Project Intercept: a million pound investment to revolutionise how we stop online child sexual abuse
We are delighted to announce today that Nominet, the public benefit internet company, responsible for operating the .UK domain, has awarded us nearly one million pounds to stop people from viewing sexual images and videos of children online.
We will receive £930,000 over the course of three years to use behavioural science, partnerships, and innovation to rollout effective online warnings across the internet to prevent this illegal behaviour.
This ground-breaking initiative will tackle the huge and growing crime of online child sexual abuse by disrupting and deterring people from offending and instead driving them towards confidential help to change their behaviour.

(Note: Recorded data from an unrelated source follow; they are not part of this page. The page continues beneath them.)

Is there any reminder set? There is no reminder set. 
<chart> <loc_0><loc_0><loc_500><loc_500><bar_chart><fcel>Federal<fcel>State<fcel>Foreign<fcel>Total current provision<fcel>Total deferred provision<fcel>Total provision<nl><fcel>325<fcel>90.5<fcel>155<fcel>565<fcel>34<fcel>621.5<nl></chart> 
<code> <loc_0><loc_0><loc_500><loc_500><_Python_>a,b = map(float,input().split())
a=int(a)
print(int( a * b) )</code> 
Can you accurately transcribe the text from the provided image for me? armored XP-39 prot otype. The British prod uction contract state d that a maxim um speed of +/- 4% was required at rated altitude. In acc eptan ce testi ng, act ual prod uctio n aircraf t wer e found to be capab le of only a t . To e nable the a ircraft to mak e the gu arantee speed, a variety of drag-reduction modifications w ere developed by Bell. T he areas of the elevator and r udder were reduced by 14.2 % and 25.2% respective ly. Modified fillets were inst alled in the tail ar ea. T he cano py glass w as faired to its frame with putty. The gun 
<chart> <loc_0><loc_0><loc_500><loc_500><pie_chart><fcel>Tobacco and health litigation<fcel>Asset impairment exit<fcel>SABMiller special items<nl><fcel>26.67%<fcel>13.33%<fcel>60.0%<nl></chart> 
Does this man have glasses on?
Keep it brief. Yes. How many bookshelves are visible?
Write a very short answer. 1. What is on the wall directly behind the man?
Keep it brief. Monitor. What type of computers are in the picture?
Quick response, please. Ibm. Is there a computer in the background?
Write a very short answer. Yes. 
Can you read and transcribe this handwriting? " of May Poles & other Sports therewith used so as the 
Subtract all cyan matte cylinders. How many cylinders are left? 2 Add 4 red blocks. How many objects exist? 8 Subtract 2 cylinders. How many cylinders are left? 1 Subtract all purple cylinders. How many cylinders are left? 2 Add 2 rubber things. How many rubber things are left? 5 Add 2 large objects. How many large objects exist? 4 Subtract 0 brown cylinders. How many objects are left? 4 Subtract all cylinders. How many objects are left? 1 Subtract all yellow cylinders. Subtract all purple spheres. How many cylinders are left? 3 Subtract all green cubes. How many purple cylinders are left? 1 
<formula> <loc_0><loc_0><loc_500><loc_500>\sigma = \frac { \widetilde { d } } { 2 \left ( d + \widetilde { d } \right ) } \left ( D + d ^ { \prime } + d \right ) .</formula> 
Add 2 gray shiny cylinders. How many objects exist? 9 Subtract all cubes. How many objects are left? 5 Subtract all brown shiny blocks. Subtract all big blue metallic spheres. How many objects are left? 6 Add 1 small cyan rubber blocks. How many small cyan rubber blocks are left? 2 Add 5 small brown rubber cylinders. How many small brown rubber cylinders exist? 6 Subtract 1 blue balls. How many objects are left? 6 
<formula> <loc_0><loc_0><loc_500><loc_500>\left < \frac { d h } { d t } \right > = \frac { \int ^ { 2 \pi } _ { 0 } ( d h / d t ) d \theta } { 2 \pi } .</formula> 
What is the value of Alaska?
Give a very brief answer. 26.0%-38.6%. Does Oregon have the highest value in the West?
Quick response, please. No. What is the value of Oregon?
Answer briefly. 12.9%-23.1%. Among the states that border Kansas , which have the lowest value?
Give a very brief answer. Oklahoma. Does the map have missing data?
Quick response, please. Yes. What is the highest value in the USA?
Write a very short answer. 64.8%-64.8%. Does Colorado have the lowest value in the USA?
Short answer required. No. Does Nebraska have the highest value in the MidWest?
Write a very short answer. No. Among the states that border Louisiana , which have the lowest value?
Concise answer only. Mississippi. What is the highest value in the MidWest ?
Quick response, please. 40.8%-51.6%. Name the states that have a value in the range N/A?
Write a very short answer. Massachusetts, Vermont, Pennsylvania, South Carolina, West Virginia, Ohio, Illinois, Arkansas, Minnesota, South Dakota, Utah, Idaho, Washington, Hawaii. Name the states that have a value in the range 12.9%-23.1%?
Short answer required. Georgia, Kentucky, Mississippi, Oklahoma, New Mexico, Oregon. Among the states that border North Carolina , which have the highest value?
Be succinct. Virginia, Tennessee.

“The scale of online offending means that society needs to continually evolve the tools and techniques it uses to prevent harm to children, said Deborah Denis, CEO of The Lucy Faithfull Foundation. “And that’s exactly what this project will help us to do. We want to achieve the change for child protection that’s been needed for a long time. It has been too easy to offend online for too long and all opportunities for intervention need to be taken.”
A 'game-changing' project
Figures from the National Police Chiefs’ Council say that the police are now dealing with more than 900 people per month who are alleged to have committed an online child sexual abuse offence. Furthermore, the Internet Watch Foundation reported that in 2022 it found 255,588 online links containing or advertising sexual images of children, up 1% on 2021.
“This project will be a game-changer,” said Ms Denis. “It will make the internet a hostile place that confronts people who are offending or at risk of doing so with the reality of what they are doing. Through a process of systemic innovation, we will be able to roll out gold standard warnings across the internet, so that this approach becomes the norm rather than the exception. We will divert people from their course of action, rather than allowing them to progress on their pathway unimpeded.”
We have already pioneered the use of warning messages presented to people who are searching for sexual images of children online. These warnings clearly state that such behaviour is illegal, causes harm to children, and has huge consequences for the viewer and their own loved ones. The warnings also point towards our Stop It Now! helpline for support to stop. These warning messages direct an average of 15,000 people in the UK per year to Stop It Now!, and even more globally.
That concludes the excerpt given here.